Dataset extract below:

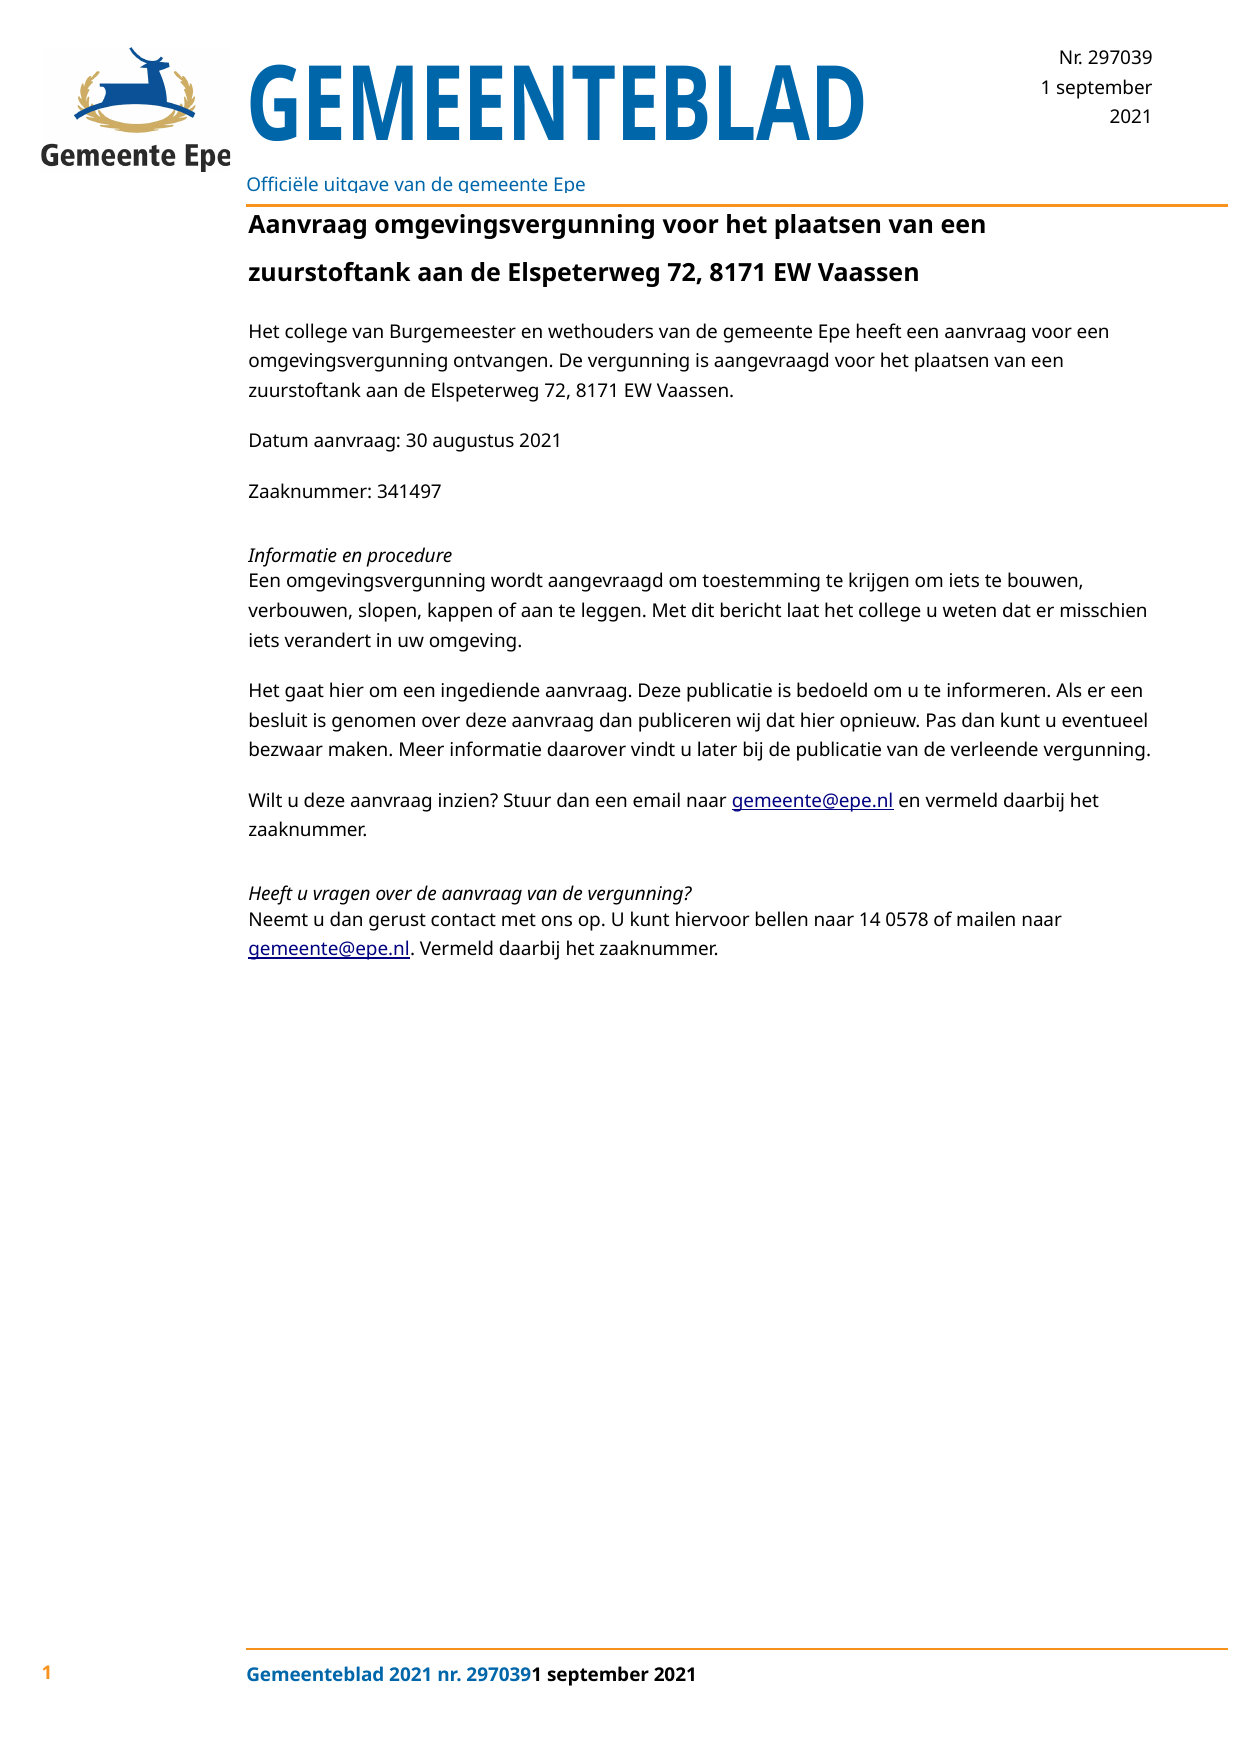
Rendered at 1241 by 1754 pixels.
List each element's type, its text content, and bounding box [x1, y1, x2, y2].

text Het gaat hier om een ingediende aanvraag. Deze publicatie is bedoeld om u te informeren. Als er een besluit is genomen over deze aanvraag dan publiceren wij dat hier opnieuw. Pas dan kunt u eventueel bezwaar maken. Meer informatie daarover vindt u later bij de publicatie van de verleende vergunning. [248, 677, 1152, 762]
text Zaaknummer: 341497 [248, 478, 1152, 504]
text Een omgevingsvergunning wordt aangevraagd om toestemming te krijgen om iets te bouwen, verbouwen, slopen, kappen of aan te leggen. Met dit bericht laat het college u weten dat er misschien iets verandert in uw omgeving. [248, 568, 1152, 652]
text Neemt u dan gerust contact met ons op. U kunt hiervoor bellen naar 14 0578 of mailen naar gemeente@epe.nl. Vermeld daarbij het zaaknummer. [248, 906, 1152, 961]
text Aanvraag omgevingsvergunning voor het plaatsen van een zuurstoftank aan de Elspeterweg 72, 8171 EW Vaassen [248, 207, 1152, 288]
picture [41, 47, 231, 172]
text Datum aanvraag: 30 augustus 2021 [248, 427, 1152, 453]
text Informatie en procedure [248, 542, 1152, 568]
text Wilt u deze aanvraag inzien? Stuur dan een email naar gemeente@epe.nl en vermeld daarbij het zaaknummer. [248, 787, 1152, 842]
text Heeft u vragen over de aanvraag van de vergunning? [248, 880, 1152, 906]
text Het college van Burgemeester en wethouders van de gemeente Epe heeft een aanvraag voor een omgevingsvergunning ontvangen. De vergunning is aangevraagd voor het plaatsen van een zuurstoftank aan de Elspeterweg 72, 8171 EW Vaassen. [248, 318, 1152, 403]
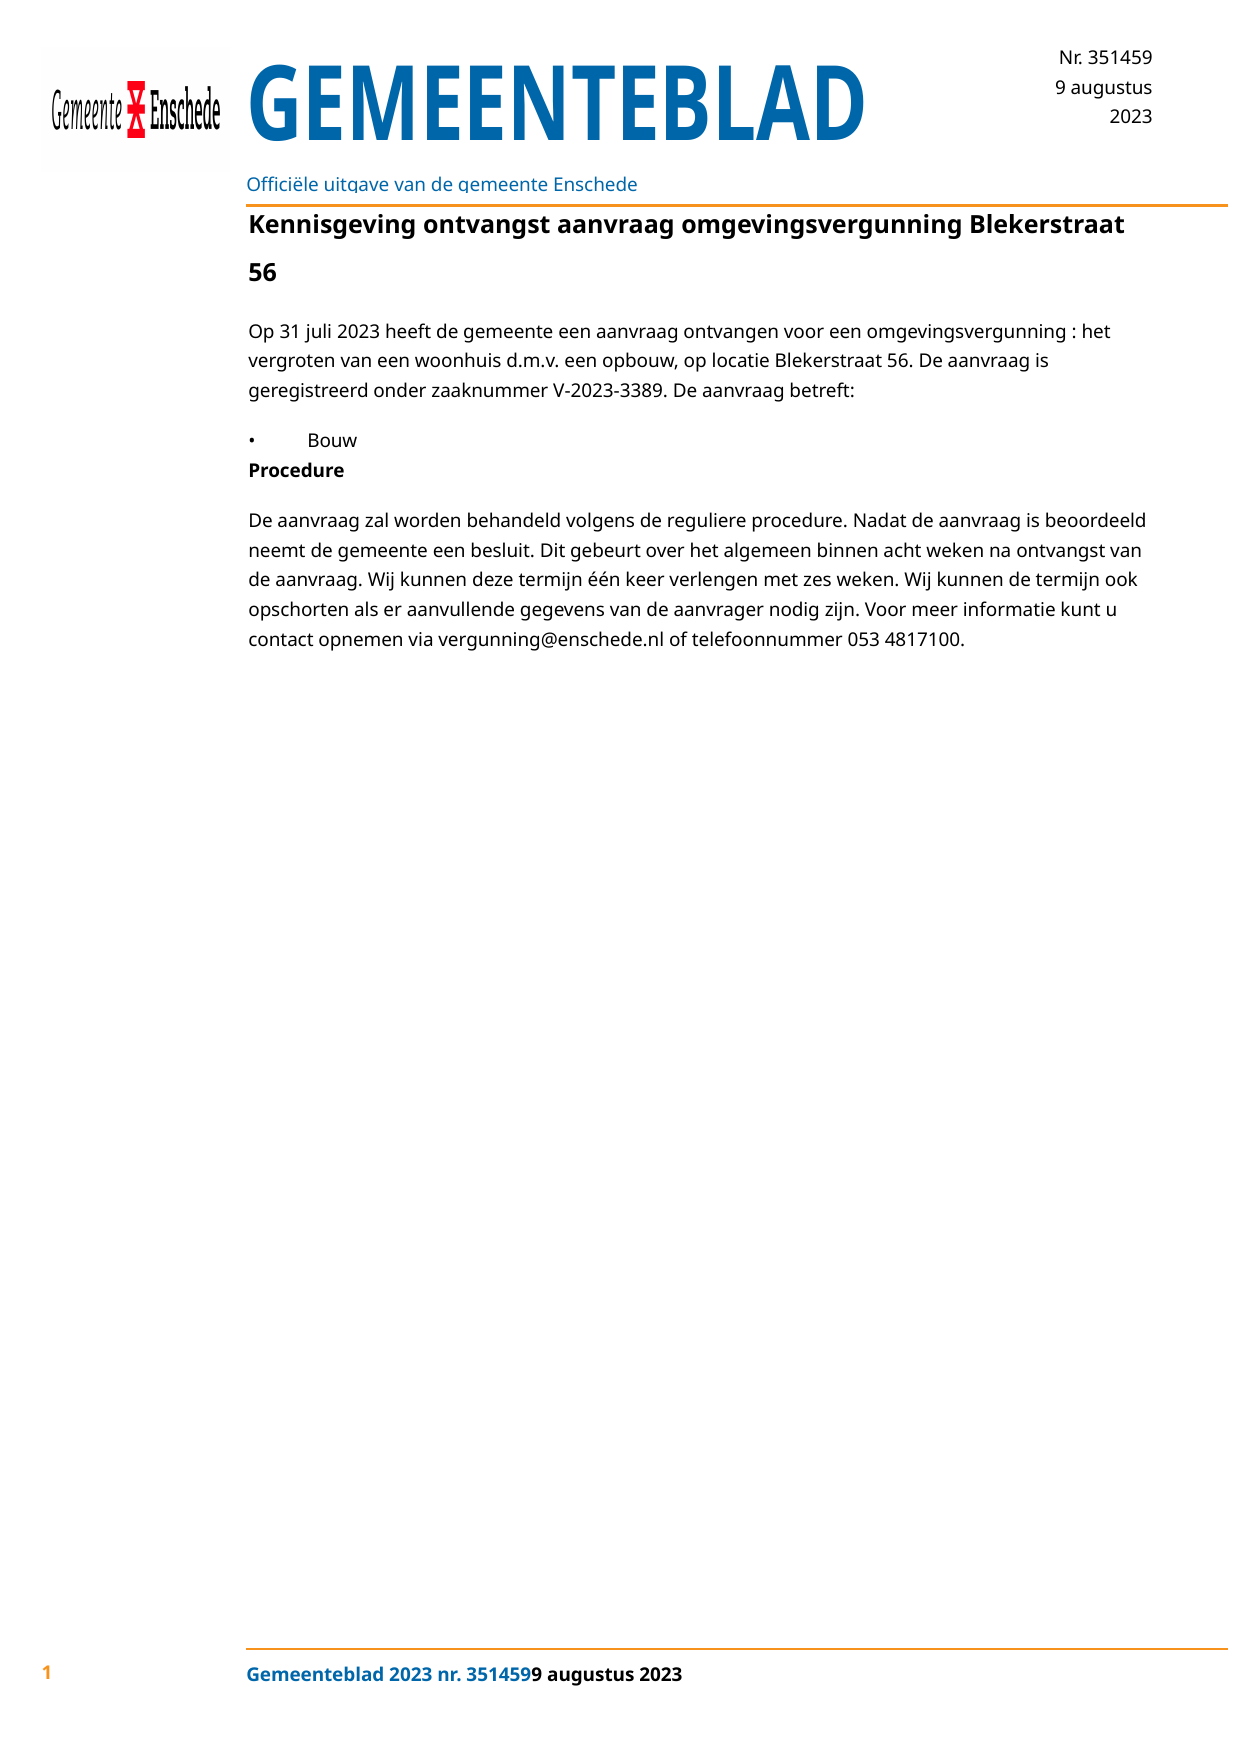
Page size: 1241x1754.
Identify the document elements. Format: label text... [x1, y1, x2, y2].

text Op 31 juli 2023 heeft de gemeente een aanvraag ontvangen voor een omgevingsvergunning : het vergroten van een woonhuis d.m.v. een opbouw, op locatie Blekerstraat 56. De aanvraag is geregistreerd onder zaaknummer V-2023-3389. De aanvraag betreft: [248, 318, 1152, 403]
picture [41, 47, 231, 172]
text Kennisgeving ontvangst aanvraag omgevingsvergunning Blekerstraat 56 [248, 207, 1152, 288]
text De aanvraag zal worden behandeld volgens de reguliere procedure. Nadat de aanvraag is beoordeeld neemt de gemeente een besluit. Dit gebeurt over het algemeen binnen acht weken na ontvangst van de aanvraag. Wij kunnen deze termijn één keer verlengen met zes weken. Wij kunnen de termijn ook opschorten als er aanvullende gegevens van de aanvrager nodig zijn. Voor meer informatie kunt u contact opnemen via vergunning@enschede.nl of telefoonnummer 053 4817100. [248, 507, 1152, 652]
list Bouw [248, 427, 1152, 453]
text Procedure [248, 457, 1152, 483]

End of Dataset extract.

What you are asked to do:
Your reply must reproduce all of the entries exactly and contain no pictures.

Response to this exercise:
Rendered at 1241 by 1754 pixels.
List each element's type, its text content, and bounding box [x1, y1, x2, y2].

text Het gaat hier om een ingediende aanvraag. Deze publicatie is bedoeld om u te informeren. Als er een besluit is genomen over deze aanvraag dan publiceren wij dat hier opnieuw. Pas dan kunt u eventueel bezwaar maken. Meer informatie daarover vindt u later bij de publicatie van de verleende vergunning. [248, 677, 1152, 762]
text Zaaknummer: 341497 [248, 478, 1152, 504]
text Een omgevingsvergunning wordt aangevraagd om toestemming te krijgen om iets te bouwen, verbouwen, slopen, kappen of aan te leggen. Met dit bericht laat het college u weten dat er misschien iets verandert in uw omgeving. [248, 568, 1152, 652]
text Neemt u dan gerust contact met ons op. U kunt hiervoor bellen naar 14 0578 of mailen naar gemeente@epe.nl. Vermeld daarbij het zaaknummer. [248, 906, 1152, 961]
text Aanvraag omgevingsvergunning voor het plaatsen van een zuurstoftank aan de Elspeterweg 72, 8171 EW Vaassen [248, 207, 1152, 288]
picture [41, 47, 231, 172]
text Datum aanvraag: 30 augustus 2021 [248, 427, 1152, 453]
text Informatie en procedure [248, 542, 1152, 568]
text Wilt u deze aanvraag inzien? Stuur dan een email naar gemeente@epe.nl en vermeld daarbij het zaaknummer. [248, 787, 1152, 842]
text Heeft u vragen over de aanvraag van de vergunning? [248, 880, 1152, 906]
text Het college van Burgemeester en wethouders van de gemeente Epe heeft een aanvraag voor een omgevingsvergunning ontvangen. De vergunning is aangevraagd voor het plaatsen van een zuurstoftank aan de Elspeterweg 72, 8171 EW Vaassen. [248, 318, 1152, 403]
Page size: 1241x1754.
Identify the document elements. Format: label text... [x1, y1, x2, y2].

text Op 31 juli 2023 heeft de gemeente een aanvraag ontvangen voor een omgevingsvergunning : het vergroten van een woonhuis d.m.v. een opbouw, op locatie Blekerstraat 56. De aanvraag is geregistreerd onder zaaknummer V-2023-3389. De aanvraag betreft: [248, 318, 1152, 403]
picture [41, 47, 231, 172]
text Kennisgeving ontvangst aanvraag omgevingsvergunning Blekerstraat 56 [248, 207, 1152, 288]
text De aanvraag zal worden behandeld volgens de reguliere procedure. Nadat de aanvraag is beoordeeld neemt de gemeente een besluit. Dit gebeurt over het algemeen binnen acht weken na ontvangst van de aanvraag. Wij kunnen deze termijn één keer verlengen met zes weken. Wij kunnen de termijn ook opschorten als er aanvullende gegevens van de aanvrager nodig zijn. Voor meer informatie kunt u contact opnemen via vergunning@enschede.nl of telefoonnummer 053 4817100. [248, 507, 1152, 652]
list Bouw [248, 427, 1152, 453]
text Procedure [248, 457, 1152, 483]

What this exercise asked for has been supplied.